By default, if you want to monitor e.g. a postgres server, you only need to allow local user netdata connect to your local postgres server (i.e. configure your postgres server). If you need to define a password for this, netdata provides plenty of configuration files for each plugin and application in /etc/netdata.

This is the list of available external netdata plugins. netdata also has dozens of internal plugins for collecting system metrics from the system (Linux, FreeBSD, MacOS).

Everything monitored by netdata is based on templates. So, all disks are the same, all network interfaces are the same, all nginx web servers are the same, all postgres servers are the same. Since each netdata can monitor many instances of each kind (ie one netdata can monitor X postgres servers, local and remote), there is little tag that differentiates them.
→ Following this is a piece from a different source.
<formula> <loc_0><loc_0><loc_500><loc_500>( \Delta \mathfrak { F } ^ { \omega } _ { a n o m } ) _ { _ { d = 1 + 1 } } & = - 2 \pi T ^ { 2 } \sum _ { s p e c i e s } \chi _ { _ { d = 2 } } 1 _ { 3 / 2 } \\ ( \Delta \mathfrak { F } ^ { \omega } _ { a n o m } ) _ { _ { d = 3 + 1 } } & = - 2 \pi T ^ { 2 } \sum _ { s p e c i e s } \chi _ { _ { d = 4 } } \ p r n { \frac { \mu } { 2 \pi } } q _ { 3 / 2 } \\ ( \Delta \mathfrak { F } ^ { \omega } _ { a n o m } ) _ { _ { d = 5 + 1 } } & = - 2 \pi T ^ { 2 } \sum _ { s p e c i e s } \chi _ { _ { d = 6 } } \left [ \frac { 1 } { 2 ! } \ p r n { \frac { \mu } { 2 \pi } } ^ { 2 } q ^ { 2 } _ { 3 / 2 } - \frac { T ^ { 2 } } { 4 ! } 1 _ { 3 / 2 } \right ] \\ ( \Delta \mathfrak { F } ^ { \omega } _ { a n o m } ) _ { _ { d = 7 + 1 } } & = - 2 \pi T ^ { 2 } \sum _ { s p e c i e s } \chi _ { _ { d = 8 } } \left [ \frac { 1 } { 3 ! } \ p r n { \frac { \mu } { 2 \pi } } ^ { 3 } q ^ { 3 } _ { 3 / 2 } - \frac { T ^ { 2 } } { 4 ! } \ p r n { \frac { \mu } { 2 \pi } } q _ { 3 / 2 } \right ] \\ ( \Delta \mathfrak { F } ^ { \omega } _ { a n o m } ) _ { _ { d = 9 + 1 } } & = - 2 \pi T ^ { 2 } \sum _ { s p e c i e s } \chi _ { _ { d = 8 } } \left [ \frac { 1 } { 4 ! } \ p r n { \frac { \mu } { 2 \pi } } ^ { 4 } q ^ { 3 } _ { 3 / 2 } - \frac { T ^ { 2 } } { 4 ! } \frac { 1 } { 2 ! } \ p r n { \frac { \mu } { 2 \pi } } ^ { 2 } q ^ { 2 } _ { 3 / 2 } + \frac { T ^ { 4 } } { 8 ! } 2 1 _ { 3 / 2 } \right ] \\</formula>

So, if you know that tag, you can easily predict all the metrics this application will have. The default tag for localhost applications is: local.

For prometheus backends, netdata sends all the metrics utilizing labels for differentiating hosts, application instances, etc. For graphite and opentsdb, they are integrated into the metrics names.

netdata collects 1k to 5k high resolution metrics per server (and per second, by default), but it is capable sending metrics to backends at a lower rate (to avoid congesting these servers with too much detail). and can also filter metrics sent to backends (to avoid congesting these servers with too many metrics).